# Deep water shooting and interloc points?



## BugZ

I have occasionally bowfished in the last couple of years. This year I have found a great spot with very clear water. Most of the carp are still very deep. I think they are running 4+ feet deep. On some of the larger carp, around 30 or more pounds, they are pulling off my regular carp points. The shots were well hit and I almost had the fish landed when the pulled off. I was looking at a interloc 3 grapple point on the glowing arrow. The local proshop has these arrows. Will this arrow still work well shooting deep? Can this point handle getting shot into weeds and still be retrievable? Most of my shooting will be done off of the bank and the water gets very deep very quickly.


----------



## lesserhunter

first off 4ft is shallow. when you are talking about 10-15ft you can say you are shooting deep water. innerloc points are simply junk, if you dont get a pass through on the fish you have absolutely no holding power but if you miss the fish you have a arrow buried in the bottom. i have never shot the glow arrows so i wont comment on those. go buy a piranha long barb point on a yellowjacket shaft and you should have no problem landing a 30lb fish out of 4ft of water


----------



## Hick-From-Hell

I love my grapplers for big fish in deep water, I will not shoot them around weeds because they hold so well. If you are shooting a compound bow with at least 40 lbs of draw you will get a pass through.


----------



## lesserhunter

another thing is in deep water they will dart because of the long blade style barbs


----------



## ghostbuster

i shoot the yellowjaket shaft with the 3 barb innerloc and love it for shooting deep water, never had a problem with darting, but if you shoot shallow water be careful because they will stick in the bottom!!!


----------



## bwfsh

I rarely take my innerloc's off. The holding power is better than any head I have ever used or seen used. If you are shooting into cattails or pencils they are brutal to get out when you miss or pass way through. I use a minnimal draw when they are laying in the weeds. If the fish are really thick and all in the heavy rooted weeds I'll switch out to a piranah. If your bow is tuned decent they travel just fine.


----------



## weasle414

Bah, high priced junk. Call me old fashion but I like my cheap, basic muzzy's with a carp tip and white shaft for anything 8' or less. I tried those grapplers a couple years ago and they seemed great at first but then when we tried them on big fish they weren't getting enough oomph to go all the way through and would lose the fish every time. Plus anything less than 10 feet deep it seemed like we'd spend more of the night pulling arrows out of the bottom than out of carp! It's a great idea, good design but in my opinion not something that's needed in my boat, especially for shallow shooting like you're doing. 4 feet is not deep at all and even if you're not shooting into weeds those tips can get stuck. I had them stick into everything from sand, clay, reeds, milfoil, logs. You name it, I've gotten an arrow stuck in it and those grapplers are the worst to get unstuck.

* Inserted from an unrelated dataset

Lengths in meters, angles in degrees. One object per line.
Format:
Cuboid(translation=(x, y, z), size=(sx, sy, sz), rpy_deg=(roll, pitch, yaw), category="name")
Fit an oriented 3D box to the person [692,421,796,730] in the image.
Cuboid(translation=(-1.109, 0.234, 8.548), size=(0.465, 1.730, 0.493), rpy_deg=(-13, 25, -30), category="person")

What is your setup like? What kind of bow, poundage, line, arrows, reel. All that good stuff mostly concerning the poundage and the arrows.

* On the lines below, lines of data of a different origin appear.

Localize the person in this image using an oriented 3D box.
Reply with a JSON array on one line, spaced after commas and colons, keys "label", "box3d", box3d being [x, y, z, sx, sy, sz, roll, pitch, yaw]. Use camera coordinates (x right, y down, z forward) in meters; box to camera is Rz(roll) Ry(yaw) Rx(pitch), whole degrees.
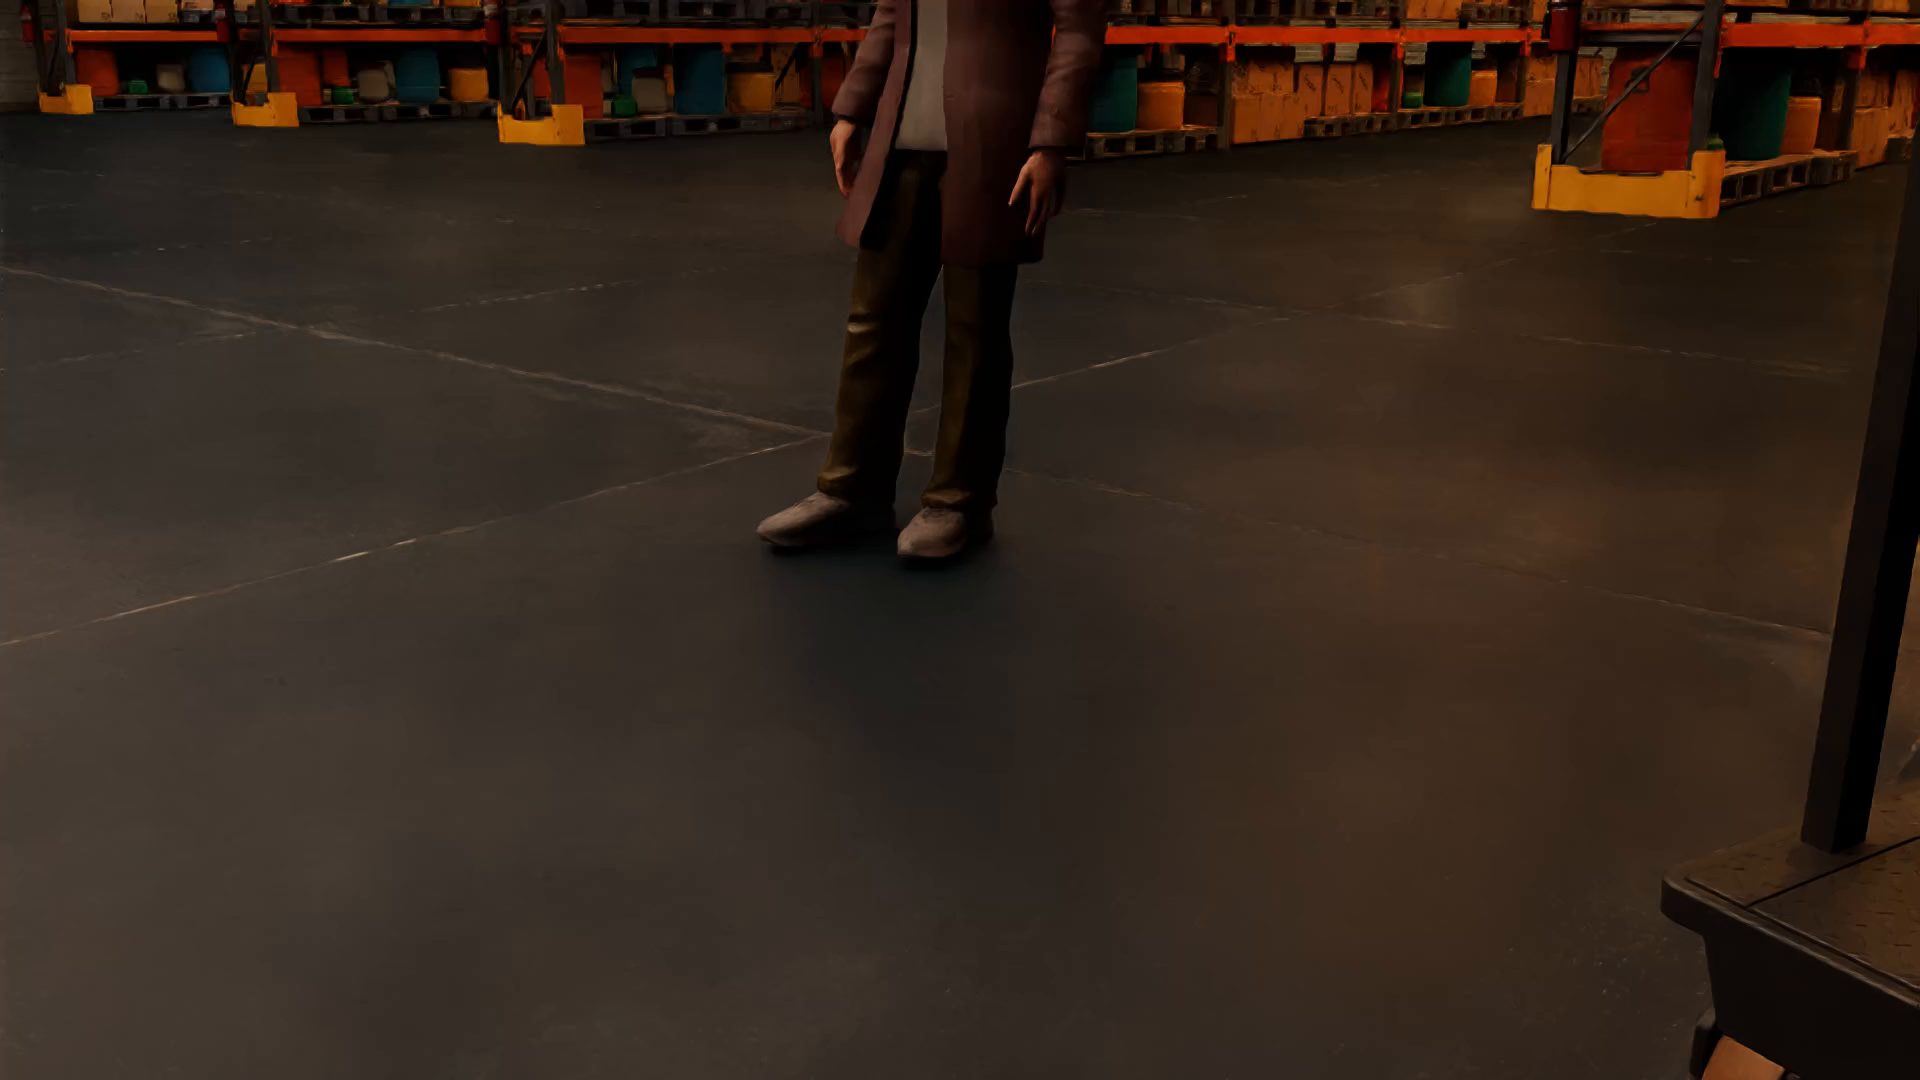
[{"label": "person", "box3d": [-0.062, -0.838, 3.617, 0.694, 1.776, 0.580, 13, 21, 37]}]
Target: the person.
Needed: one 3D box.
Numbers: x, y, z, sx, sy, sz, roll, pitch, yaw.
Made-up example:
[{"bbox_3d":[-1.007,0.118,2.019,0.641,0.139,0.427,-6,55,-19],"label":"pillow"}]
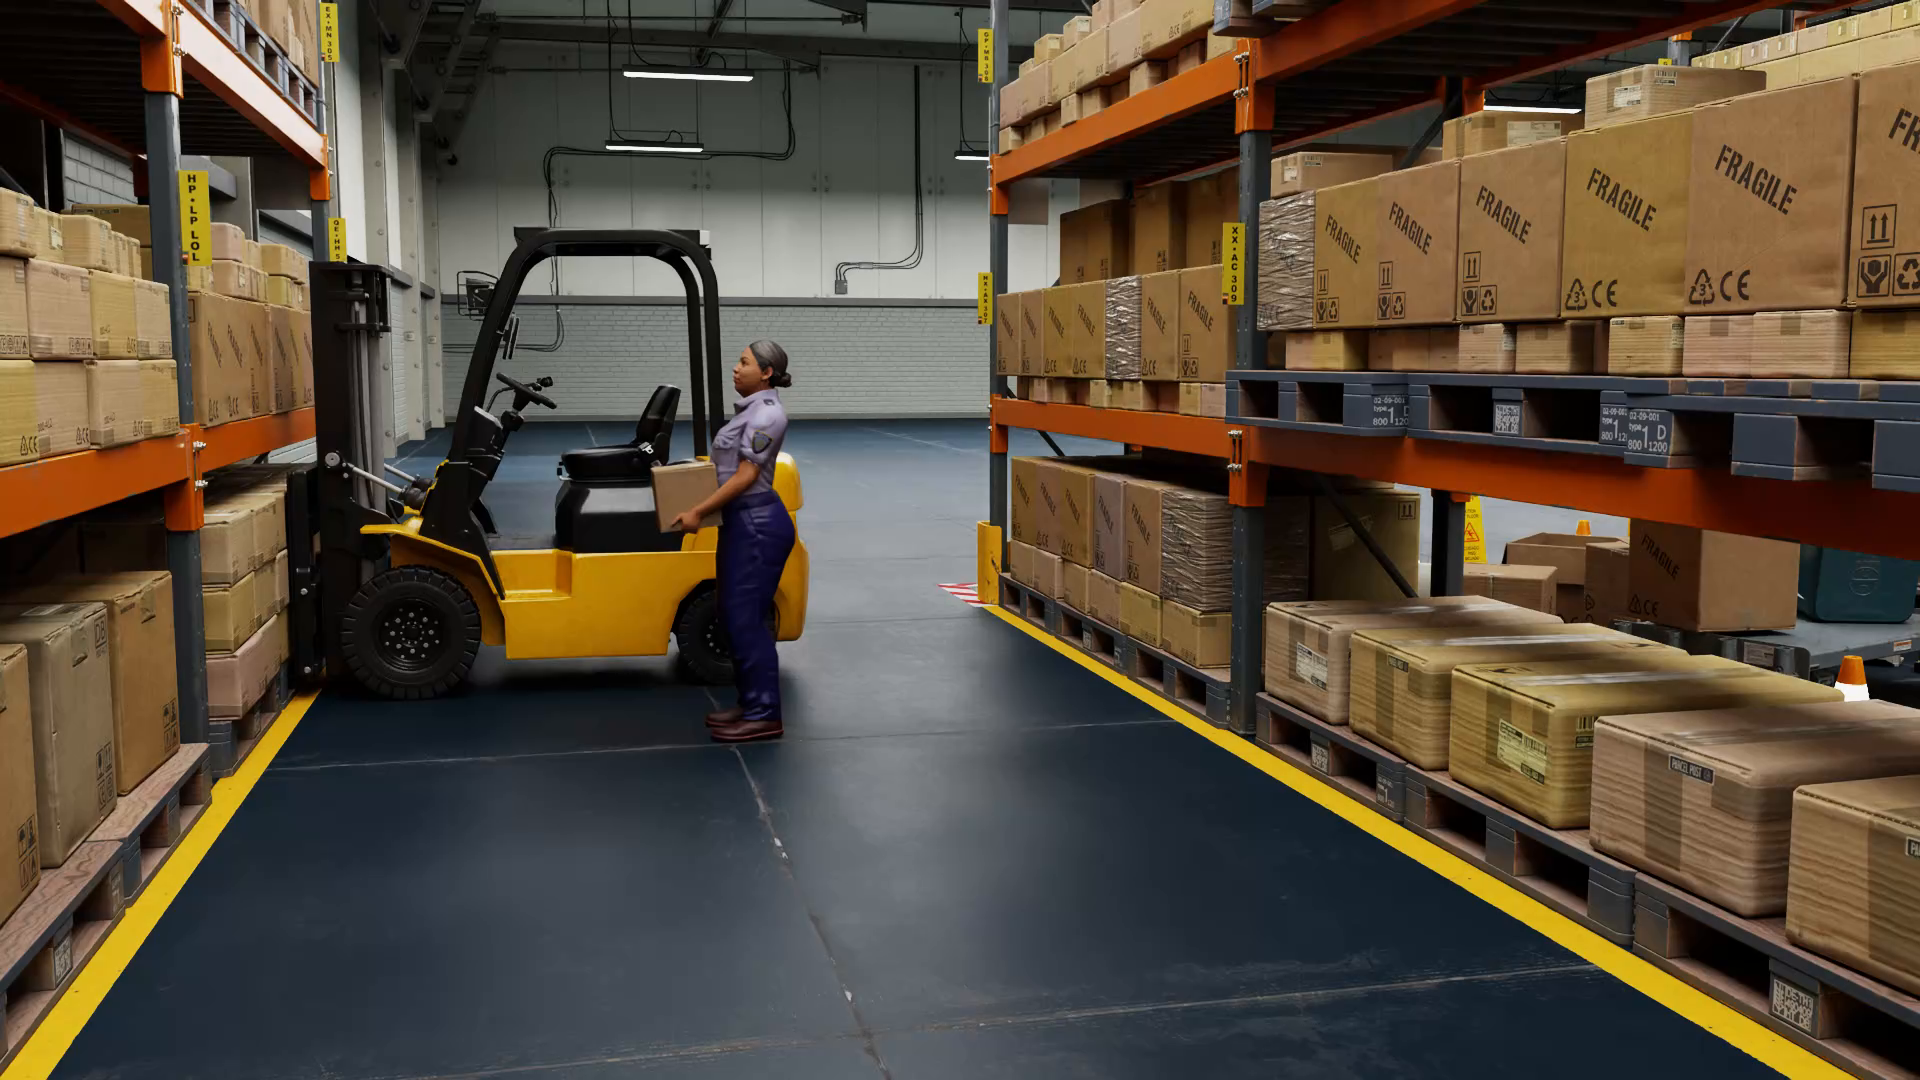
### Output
[{"bbox_3d":[-0.943,-0.007,6.864,0.516,1.634,0.452,-2,6,-14],"label":"person"}]

If you're shooting a deer bow set at 70 lbs and have a dull point you'll blow huge entrance holes so the barbs can't hold as well.


----------



## lesserhunter

ya know if weasle would have said Piranhas on yellowjackets i would think he knows how to shoot fish for 5 days straight no sleep  i to have watched the same person weasle is talking about pull those damn grapplers out of weeds several times, you miss and its stop the boat jump off platform to pull the arrow by hand, it sucks.


----------



## weasle414

There was the one time the arrows got stuck and stopped the boat dead in its tracks. That was one of them everyone but me gets wet hahaha


----------